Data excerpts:
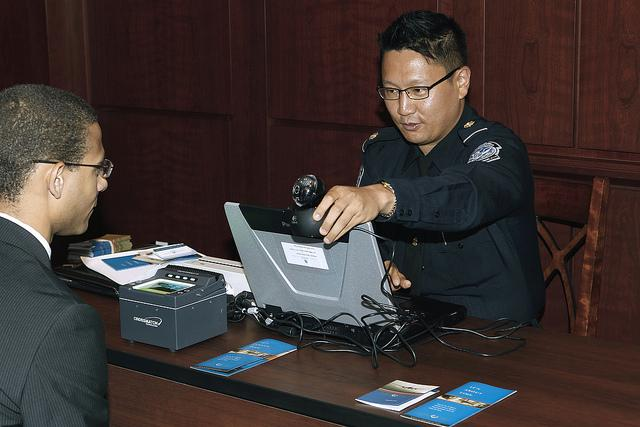What is the person with the laptop taking? picture 
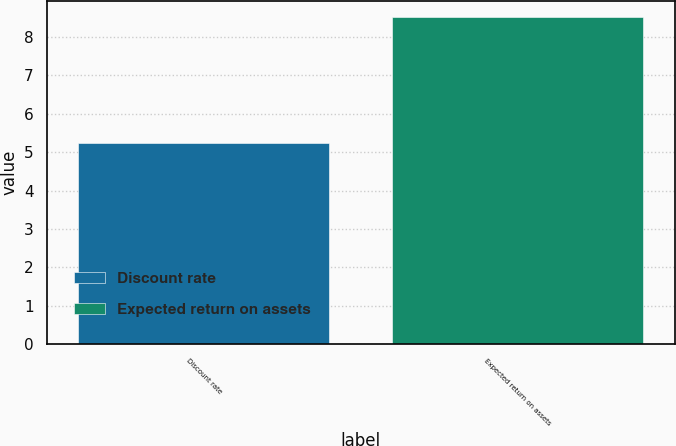Convert chart to OTSL. <chart><loc_0><loc_0><loc_500><loc_500><bar_chart><fcel>Discount rate<fcel>Expected return on assets<nl><fcel>5.23<fcel>8.5<nl></chart> 
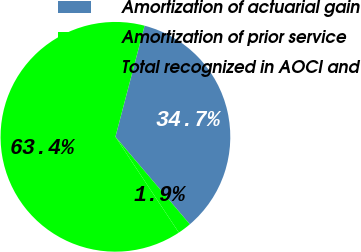Convert chart to OTSL. <chart><loc_0><loc_0><loc_500><loc_500><pie_chart><fcel>Amortization of actuarial gain<fcel>Amortization of prior service<fcel>Total recognized in AOCI and<nl><fcel>34.7%<fcel>1.91%<fcel>63.39%<nl></chart> 
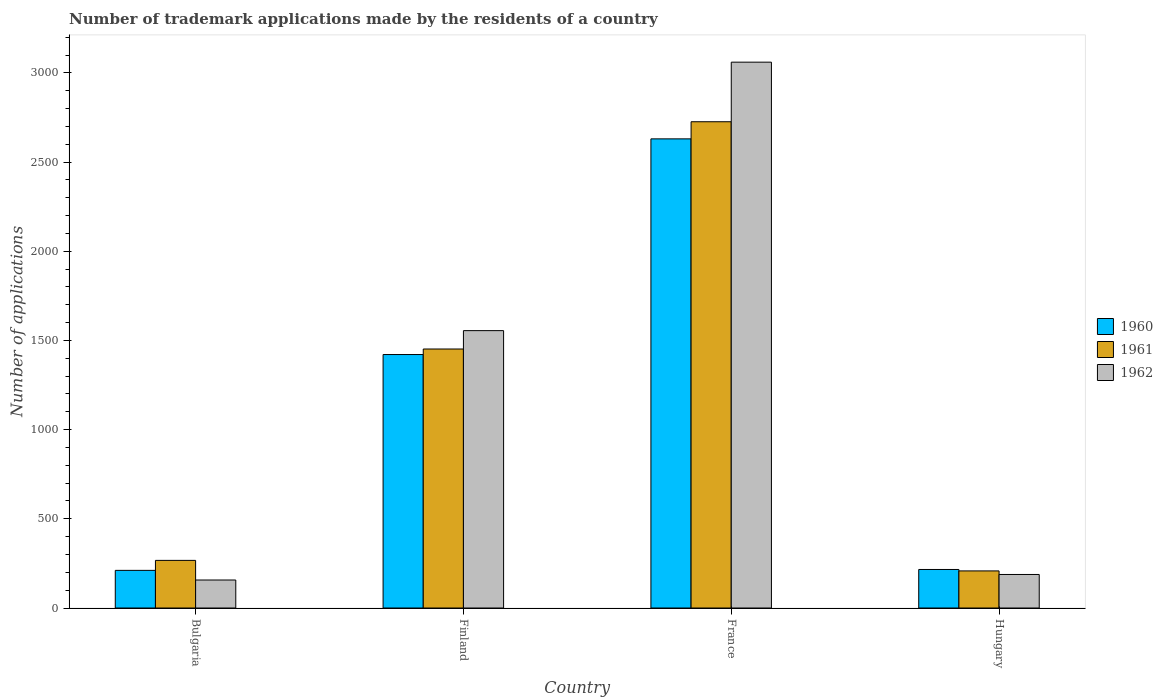How many groups of bars are there?
Give a very brief answer. 4. Are the number of bars per tick equal to the number of legend labels?
Your response must be concise. Yes. What is the label of the 4th group of bars from the left?
Provide a short and direct response. Hungary. What is the number of trademark applications made by the residents in 1961 in Bulgaria?
Offer a very short reply. 267. Across all countries, what is the maximum number of trademark applications made by the residents in 1961?
Offer a very short reply. 2726. Across all countries, what is the minimum number of trademark applications made by the residents in 1961?
Keep it short and to the point. 208. In which country was the number of trademark applications made by the residents in 1961 maximum?
Your answer should be compact. France. In which country was the number of trademark applications made by the residents in 1962 minimum?
Offer a very short reply. Bulgaria. What is the total number of trademark applications made by the residents in 1960 in the graph?
Provide a succinct answer. 4478. What is the difference between the number of trademark applications made by the residents in 1960 in Bulgaria and that in Finland?
Make the answer very short. -1210. What is the difference between the number of trademark applications made by the residents in 1961 in Bulgaria and the number of trademark applications made by the residents in 1962 in Hungary?
Provide a succinct answer. 79. What is the average number of trademark applications made by the residents in 1961 per country?
Your response must be concise. 1163.25. What is the difference between the number of trademark applications made by the residents of/in 1962 and number of trademark applications made by the residents of/in 1960 in Finland?
Make the answer very short. 134. In how many countries, is the number of trademark applications made by the residents in 1961 greater than 100?
Your answer should be very brief. 4. What is the ratio of the number of trademark applications made by the residents in 1960 in Finland to that in France?
Your response must be concise. 0.54. Is the number of trademark applications made by the residents in 1961 in Finland less than that in Hungary?
Provide a short and direct response. No. Is the difference between the number of trademark applications made by the residents in 1962 in Bulgaria and France greater than the difference between the number of trademark applications made by the residents in 1960 in Bulgaria and France?
Give a very brief answer. No. What is the difference between the highest and the second highest number of trademark applications made by the residents in 1961?
Offer a terse response. -1185. What is the difference between the highest and the lowest number of trademark applications made by the residents in 1962?
Your answer should be compact. 2903. Is it the case that in every country, the sum of the number of trademark applications made by the residents in 1962 and number of trademark applications made by the residents in 1960 is greater than the number of trademark applications made by the residents in 1961?
Offer a terse response. Yes. How many countries are there in the graph?
Provide a short and direct response. 4. Does the graph contain any zero values?
Keep it short and to the point. No. Does the graph contain grids?
Provide a succinct answer. No. Where does the legend appear in the graph?
Offer a terse response. Center right. How many legend labels are there?
Offer a terse response. 3. How are the legend labels stacked?
Provide a short and direct response. Vertical. What is the title of the graph?
Keep it short and to the point. Number of trademark applications made by the residents of a country. Does "1969" appear as one of the legend labels in the graph?
Offer a terse response. No. What is the label or title of the X-axis?
Give a very brief answer. Country. What is the label or title of the Y-axis?
Your answer should be very brief. Number of applications. What is the Number of applications of 1960 in Bulgaria?
Your answer should be compact. 211. What is the Number of applications of 1961 in Bulgaria?
Ensure brevity in your answer.  267. What is the Number of applications in 1962 in Bulgaria?
Ensure brevity in your answer.  157. What is the Number of applications in 1960 in Finland?
Provide a succinct answer. 1421. What is the Number of applications of 1961 in Finland?
Your response must be concise. 1452. What is the Number of applications in 1962 in Finland?
Your answer should be compact. 1555. What is the Number of applications in 1960 in France?
Your response must be concise. 2630. What is the Number of applications of 1961 in France?
Your answer should be compact. 2726. What is the Number of applications of 1962 in France?
Offer a very short reply. 3060. What is the Number of applications in 1960 in Hungary?
Provide a succinct answer. 216. What is the Number of applications in 1961 in Hungary?
Make the answer very short. 208. What is the Number of applications of 1962 in Hungary?
Keep it short and to the point. 188. Across all countries, what is the maximum Number of applications of 1960?
Your answer should be compact. 2630. Across all countries, what is the maximum Number of applications of 1961?
Your answer should be compact. 2726. Across all countries, what is the maximum Number of applications in 1962?
Make the answer very short. 3060. Across all countries, what is the minimum Number of applications in 1960?
Keep it short and to the point. 211. Across all countries, what is the minimum Number of applications in 1961?
Your answer should be very brief. 208. Across all countries, what is the minimum Number of applications in 1962?
Your answer should be very brief. 157. What is the total Number of applications in 1960 in the graph?
Provide a short and direct response. 4478. What is the total Number of applications of 1961 in the graph?
Your answer should be compact. 4653. What is the total Number of applications of 1962 in the graph?
Offer a very short reply. 4960. What is the difference between the Number of applications of 1960 in Bulgaria and that in Finland?
Offer a very short reply. -1210. What is the difference between the Number of applications in 1961 in Bulgaria and that in Finland?
Your answer should be compact. -1185. What is the difference between the Number of applications in 1962 in Bulgaria and that in Finland?
Make the answer very short. -1398. What is the difference between the Number of applications in 1960 in Bulgaria and that in France?
Provide a short and direct response. -2419. What is the difference between the Number of applications in 1961 in Bulgaria and that in France?
Keep it short and to the point. -2459. What is the difference between the Number of applications of 1962 in Bulgaria and that in France?
Your answer should be very brief. -2903. What is the difference between the Number of applications in 1962 in Bulgaria and that in Hungary?
Provide a short and direct response. -31. What is the difference between the Number of applications of 1960 in Finland and that in France?
Offer a terse response. -1209. What is the difference between the Number of applications of 1961 in Finland and that in France?
Ensure brevity in your answer.  -1274. What is the difference between the Number of applications of 1962 in Finland and that in France?
Ensure brevity in your answer.  -1505. What is the difference between the Number of applications of 1960 in Finland and that in Hungary?
Offer a very short reply. 1205. What is the difference between the Number of applications of 1961 in Finland and that in Hungary?
Your answer should be very brief. 1244. What is the difference between the Number of applications of 1962 in Finland and that in Hungary?
Give a very brief answer. 1367. What is the difference between the Number of applications of 1960 in France and that in Hungary?
Offer a terse response. 2414. What is the difference between the Number of applications of 1961 in France and that in Hungary?
Your answer should be very brief. 2518. What is the difference between the Number of applications of 1962 in France and that in Hungary?
Offer a terse response. 2872. What is the difference between the Number of applications in 1960 in Bulgaria and the Number of applications in 1961 in Finland?
Provide a short and direct response. -1241. What is the difference between the Number of applications in 1960 in Bulgaria and the Number of applications in 1962 in Finland?
Provide a short and direct response. -1344. What is the difference between the Number of applications in 1961 in Bulgaria and the Number of applications in 1962 in Finland?
Ensure brevity in your answer.  -1288. What is the difference between the Number of applications in 1960 in Bulgaria and the Number of applications in 1961 in France?
Your answer should be compact. -2515. What is the difference between the Number of applications of 1960 in Bulgaria and the Number of applications of 1962 in France?
Give a very brief answer. -2849. What is the difference between the Number of applications of 1961 in Bulgaria and the Number of applications of 1962 in France?
Make the answer very short. -2793. What is the difference between the Number of applications in 1960 in Bulgaria and the Number of applications in 1961 in Hungary?
Your response must be concise. 3. What is the difference between the Number of applications in 1960 in Bulgaria and the Number of applications in 1962 in Hungary?
Your answer should be very brief. 23. What is the difference between the Number of applications of 1961 in Bulgaria and the Number of applications of 1962 in Hungary?
Offer a very short reply. 79. What is the difference between the Number of applications of 1960 in Finland and the Number of applications of 1961 in France?
Provide a succinct answer. -1305. What is the difference between the Number of applications in 1960 in Finland and the Number of applications in 1962 in France?
Offer a terse response. -1639. What is the difference between the Number of applications of 1961 in Finland and the Number of applications of 1962 in France?
Your answer should be very brief. -1608. What is the difference between the Number of applications of 1960 in Finland and the Number of applications of 1961 in Hungary?
Ensure brevity in your answer.  1213. What is the difference between the Number of applications of 1960 in Finland and the Number of applications of 1962 in Hungary?
Offer a very short reply. 1233. What is the difference between the Number of applications in 1961 in Finland and the Number of applications in 1962 in Hungary?
Offer a terse response. 1264. What is the difference between the Number of applications in 1960 in France and the Number of applications in 1961 in Hungary?
Ensure brevity in your answer.  2422. What is the difference between the Number of applications in 1960 in France and the Number of applications in 1962 in Hungary?
Offer a terse response. 2442. What is the difference between the Number of applications of 1961 in France and the Number of applications of 1962 in Hungary?
Provide a succinct answer. 2538. What is the average Number of applications in 1960 per country?
Give a very brief answer. 1119.5. What is the average Number of applications in 1961 per country?
Your answer should be compact. 1163.25. What is the average Number of applications in 1962 per country?
Keep it short and to the point. 1240. What is the difference between the Number of applications of 1960 and Number of applications of 1961 in Bulgaria?
Ensure brevity in your answer.  -56. What is the difference between the Number of applications in 1960 and Number of applications in 1962 in Bulgaria?
Your answer should be compact. 54. What is the difference between the Number of applications in 1961 and Number of applications in 1962 in Bulgaria?
Ensure brevity in your answer.  110. What is the difference between the Number of applications in 1960 and Number of applications in 1961 in Finland?
Your answer should be very brief. -31. What is the difference between the Number of applications in 1960 and Number of applications in 1962 in Finland?
Keep it short and to the point. -134. What is the difference between the Number of applications of 1961 and Number of applications of 1962 in Finland?
Provide a short and direct response. -103. What is the difference between the Number of applications in 1960 and Number of applications in 1961 in France?
Offer a very short reply. -96. What is the difference between the Number of applications of 1960 and Number of applications of 1962 in France?
Provide a succinct answer. -430. What is the difference between the Number of applications of 1961 and Number of applications of 1962 in France?
Give a very brief answer. -334. What is the ratio of the Number of applications of 1960 in Bulgaria to that in Finland?
Your response must be concise. 0.15. What is the ratio of the Number of applications in 1961 in Bulgaria to that in Finland?
Keep it short and to the point. 0.18. What is the ratio of the Number of applications of 1962 in Bulgaria to that in Finland?
Keep it short and to the point. 0.1. What is the ratio of the Number of applications of 1960 in Bulgaria to that in France?
Offer a terse response. 0.08. What is the ratio of the Number of applications in 1961 in Bulgaria to that in France?
Your response must be concise. 0.1. What is the ratio of the Number of applications in 1962 in Bulgaria to that in France?
Offer a terse response. 0.05. What is the ratio of the Number of applications in 1960 in Bulgaria to that in Hungary?
Provide a succinct answer. 0.98. What is the ratio of the Number of applications in 1961 in Bulgaria to that in Hungary?
Offer a terse response. 1.28. What is the ratio of the Number of applications of 1962 in Bulgaria to that in Hungary?
Your answer should be very brief. 0.84. What is the ratio of the Number of applications in 1960 in Finland to that in France?
Offer a terse response. 0.54. What is the ratio of the Number of applications in 1961 in Finland to that in France?
Ensure brevity in your answer.  0.53. What is the ratio of the Number of applications in 1962 in Finland to that in France?
Your answer should be very brief. 0.51. What is the ratio of the Number of applications of 1960 in Finland to that in Hungary?
Ensure brevity in your answer.  6.58. What is the ratio of the Number of applications in 1961 in Finland to that in Hungary?
Give a very brief answer. 6.98. What is the ratio of the Number of applications of 1962 in Finland to that in Hungary?
Your answer should be very brief. 8.27. What is the ratio of the Number of applications in 1960 in France to that in Hungary?
Your answer should be compact. 12.18. What is the ratio of the Number of applications in 1961 in France to that in Hungary?
Offer a terse response. 13.11. What is the ratio of the Number of applications of 1962 in France to that in Hungary?
Offer a very short reply. 16.28. What is the difference between the highest and the second highest Number of applications of 1960?
Your response must be concise. 1209. What is the difference between the highest and the second highest Number of applications of 1961?
Give a very brief answer. 1274. What is the difference between the highest and the second highest Number of applications of 1962?
Give a very brief answer. 1505. What is the difference between the highest and the lowest Number of applications in 1960?
Give a very brief answer. 2419. What is the difference between the highest and the lowest Number of applications of 1961?
Ensure brevity in your answer.  2518. What is the difference between the highest and the lowest Number of applications of 1962?
Offer a very short reply. 2903.

ACTION ITEM: Please set down only the lines from the first line of the records above through the line that has "Offer a very short reply. Bulgaria.", exactly, and not the pictures.

REPLY:
What is the person with the laptop taking? picture 
Convert chart to OTSL. <chart><loc_0><loc_0><loc_500><loc_500><bar_chart><fcel>Discount rate<fcel>Expected return on assets<nl><fcel>5.23<fcel>8.5<nl></chart> 
Convert chart to OTSL. <chart><loc_0><loc_0><loc_500><loc_500><pie_chart><fcel>Amortization of actuarial gain<fcel>Amortization of prior service<fcel>Total recognized in AOCI and<nl><fcel>34.7%<fcel>1.91%<fcel>63.39%<nl></chart> 
How many groups of bars are there?
Give a very brief answer. 4. Are the number of bars per tick equal to the number of legend labels?
Your response must be concise. Yes. What is the label of the 4th group of bars from the left?
Provide a short and direct response. Hungary. What is the number of trademark applications made by the residents in 1961 in Bulgaria?
Offer a very short reply. 267. Across all countries, what is the maximum number of trademark applications made by the residents in 1961?
Offer a very short reply. 2726. Across all countries, what is the minimum number of trademark applications made by the residents in 1961?
Keep it short and to the point. 208. In which country was the number of trademark applications made by the residents in 1961 maximum?
Your answer should be compact. France. In which country was the number of trademark applications made by the residents in 1962 minimum?
Offer a very short reply. Bulgaria. What is the total number of trademark applications made by the residents in 1960 in the graph?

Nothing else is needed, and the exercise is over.